Research output: Contribution to journalArticle

11 Citations (Scopus)

Abstract

BACKGROUND: Rhabdomyolysis is a recognized complication of traumatic injury. The correlation of an elevated creatine kinase (CK) level and the development of acute kidney injury (AKI) has been studied in the civilian population. We sought to review the prevalence of rhabdomyolysis in injured war fighters and determine if peak CK levels correlate with AKI.

METHODS: This is a retrospective cohort study of patients admitted at a US military treatment facility from January to November 2010. Inclusion criteria were active duty patients transported after explosive, penetrating, or blunt injury. Patients with burns or non-trauma-related admissions were excluded. Rhabdomyolysis was defined as a CK level greater than 5,000 U/L. AKI was defined using the Kidney Disease: Improving Global Outcomes classification. Mann-Whitney U-tests were used to determine the significance for continuous data. Correlations were determined using Spearman's ρ. Significance was set at p <0.05.
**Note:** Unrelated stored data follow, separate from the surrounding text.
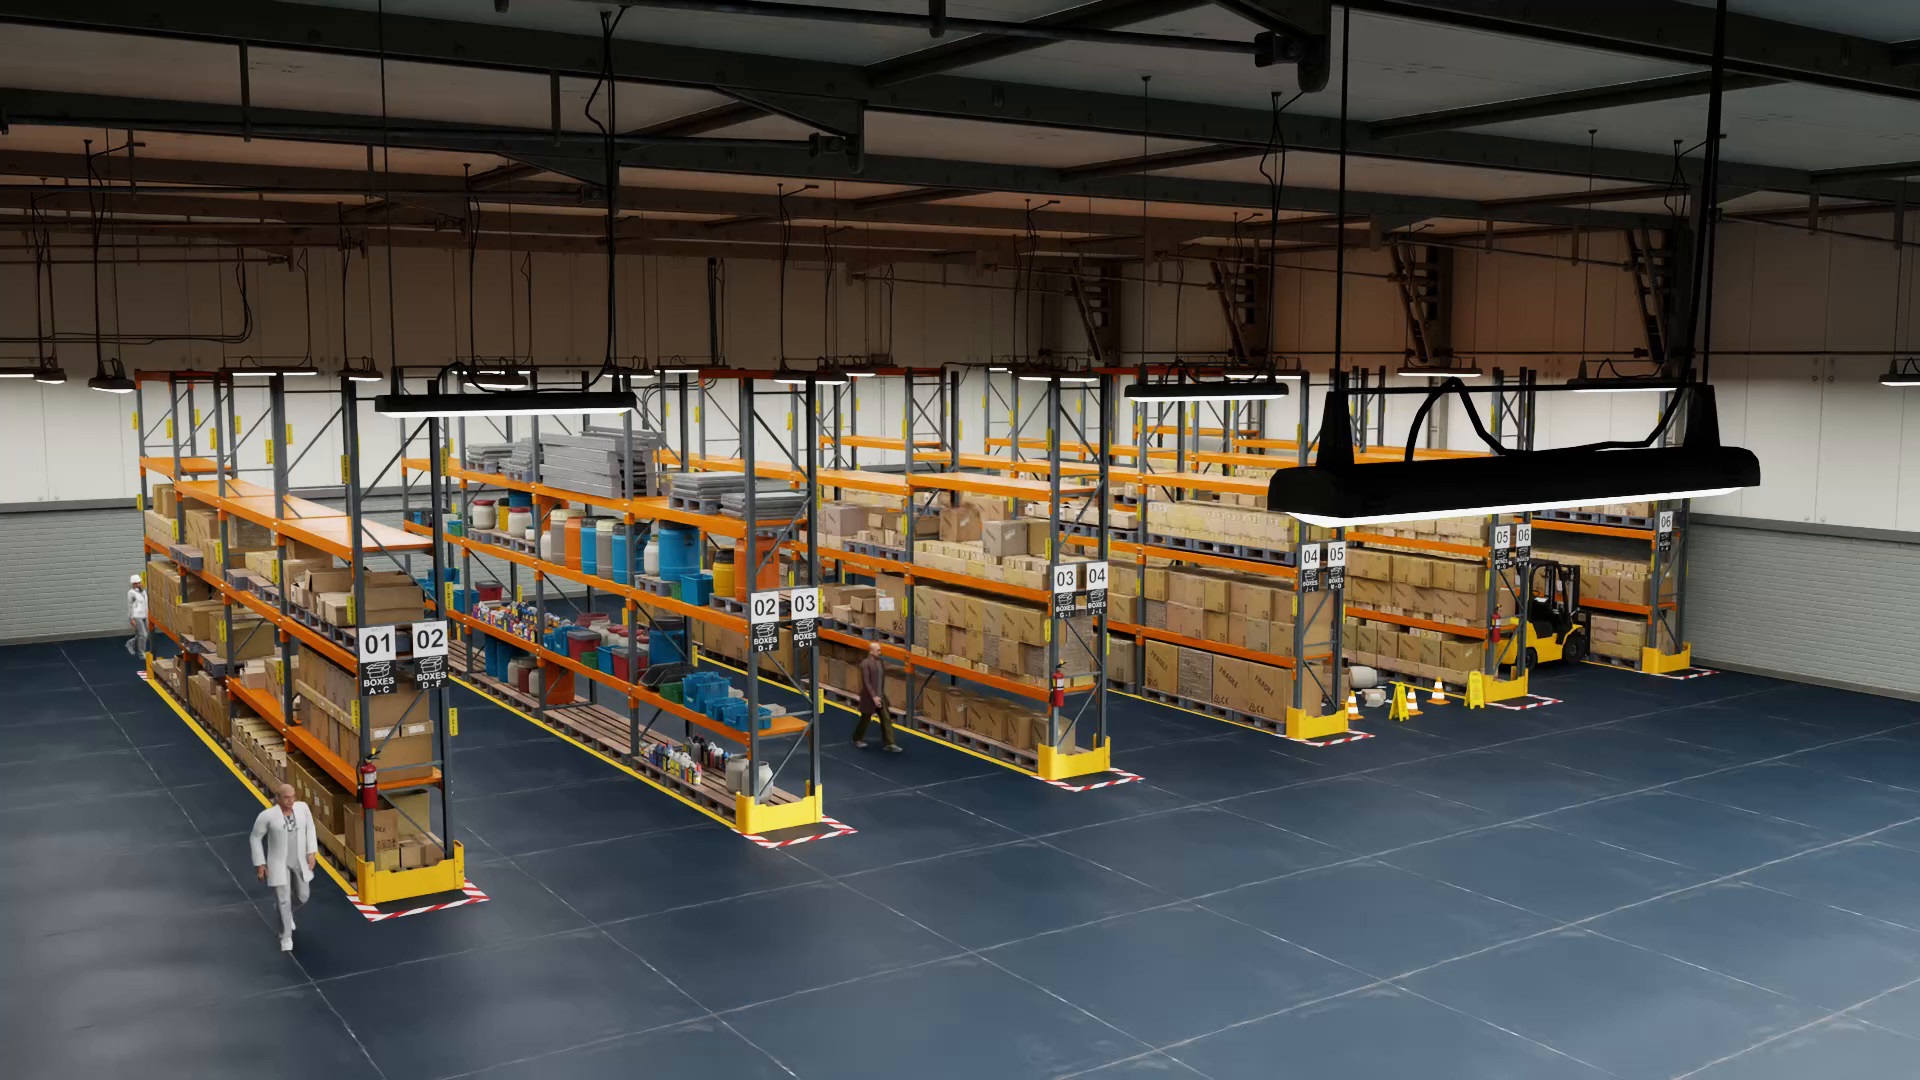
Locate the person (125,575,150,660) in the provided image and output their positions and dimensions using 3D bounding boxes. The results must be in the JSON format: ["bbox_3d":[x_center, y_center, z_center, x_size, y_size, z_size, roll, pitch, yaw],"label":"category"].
[{"bbox_3d":[-16.945,1.580,34.239,0.674,1.759,0.547,1,6,7],"label":"person"}]

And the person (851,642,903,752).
[{"bbox_3d":[-1.313,2.479,26.419,1.069,1.722,0.596,6,9,41],"label":"person"}]

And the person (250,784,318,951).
[{"bbox_3d":[-7.276,3.550,17.876,0.673,1.574,0.740,-6,9,-44],"label":"person"}]
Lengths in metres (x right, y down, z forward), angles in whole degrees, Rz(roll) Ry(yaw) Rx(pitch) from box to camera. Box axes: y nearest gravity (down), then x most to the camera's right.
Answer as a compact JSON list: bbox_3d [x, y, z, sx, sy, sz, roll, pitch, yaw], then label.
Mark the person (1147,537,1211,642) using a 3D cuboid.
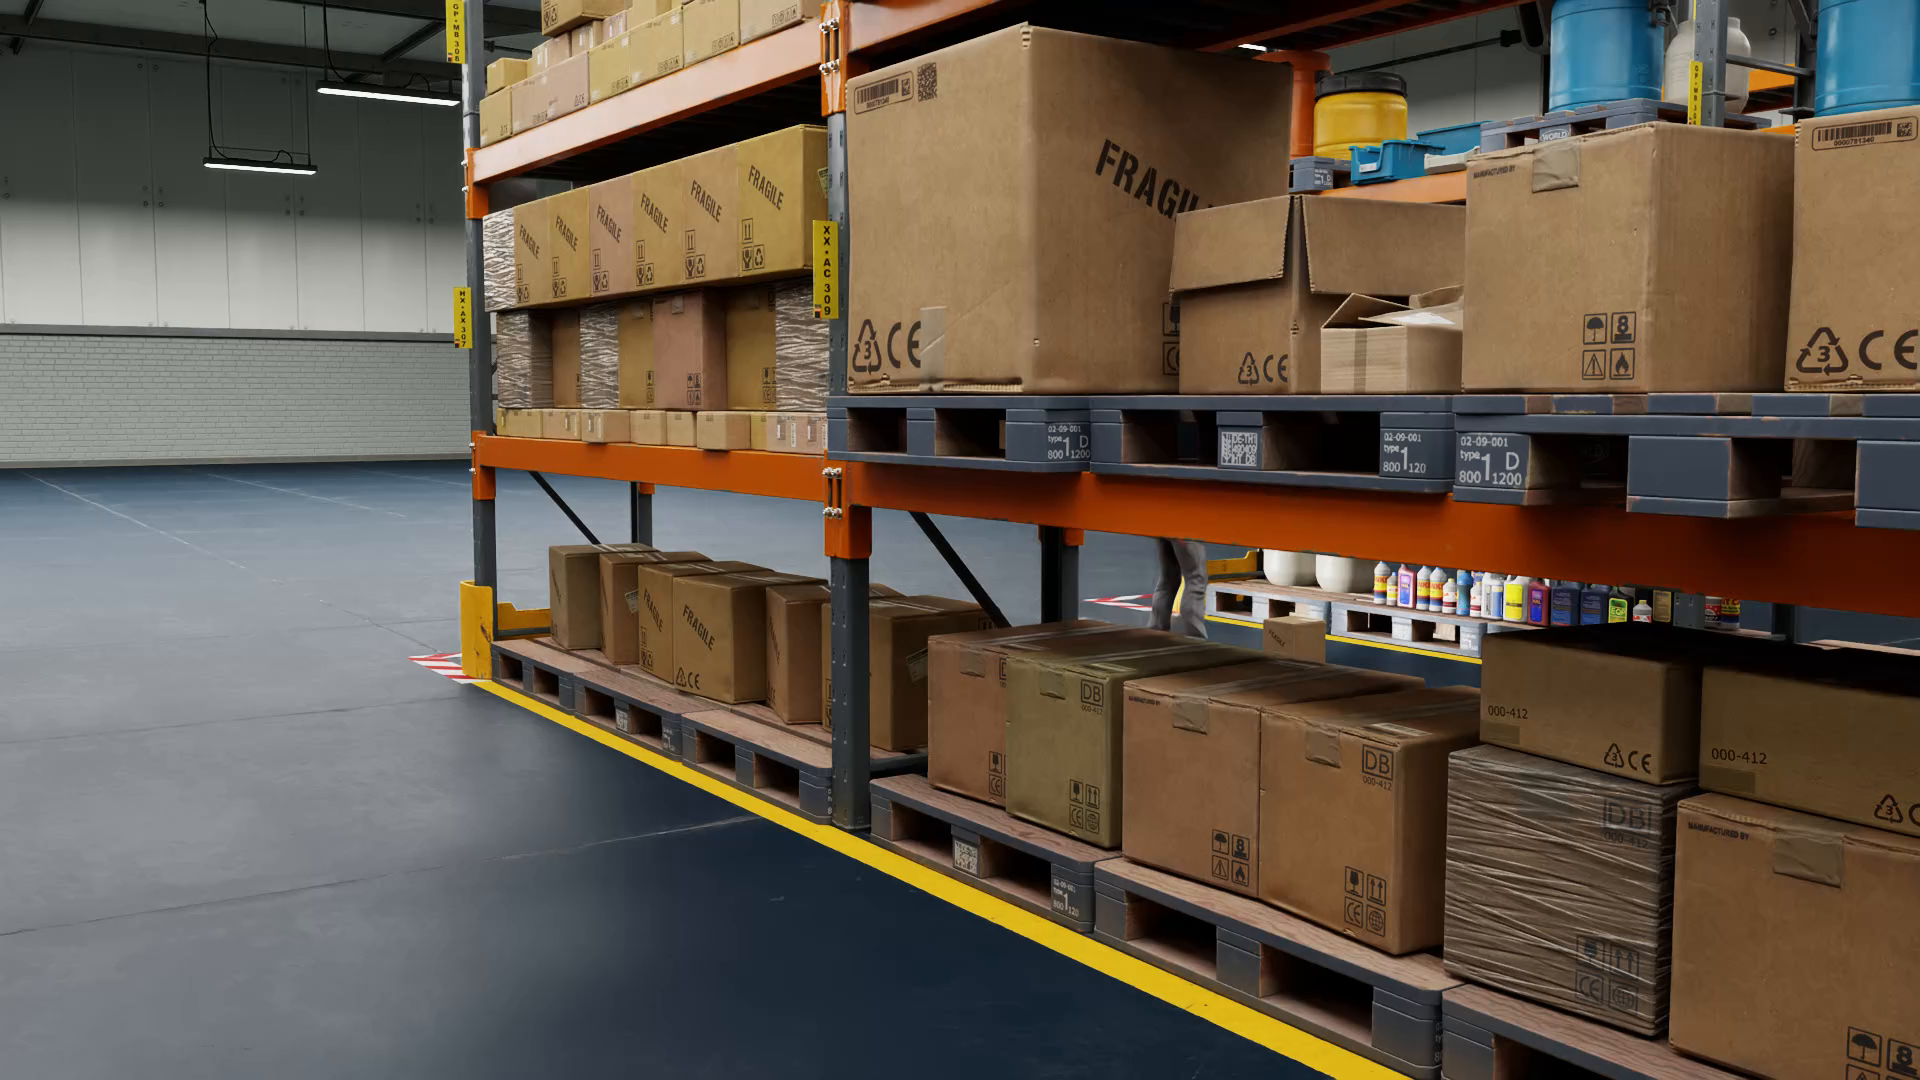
[{"bbox_3d":[1.247,-0.078,9.197,0.424,1.634,0.458,-1,5,-14],"label":"person"}]

RESULTS: Of the 318 patients included in our analysis, 310 (98%) were male, and the median age was 24 years (21-28 years). Blast was the predominant mechanism of injury (71%), with a median Injury Severity Score (ISS) of 22 (16-29). Rhabdomyolysis developed in 79 patients (24.8%). The median peak CK for all patients was 4,178 U/L and ranged from 208 U/L to 120,000 U/L. Stage 1, 2, and 3 AKI developed in 56 (17.6%), 3 (0.9%), and 7 (2.2%) patients, respectively. There was a weak but statistically significant correlation between peak CK and AKI (r = 0.26, p <0.05).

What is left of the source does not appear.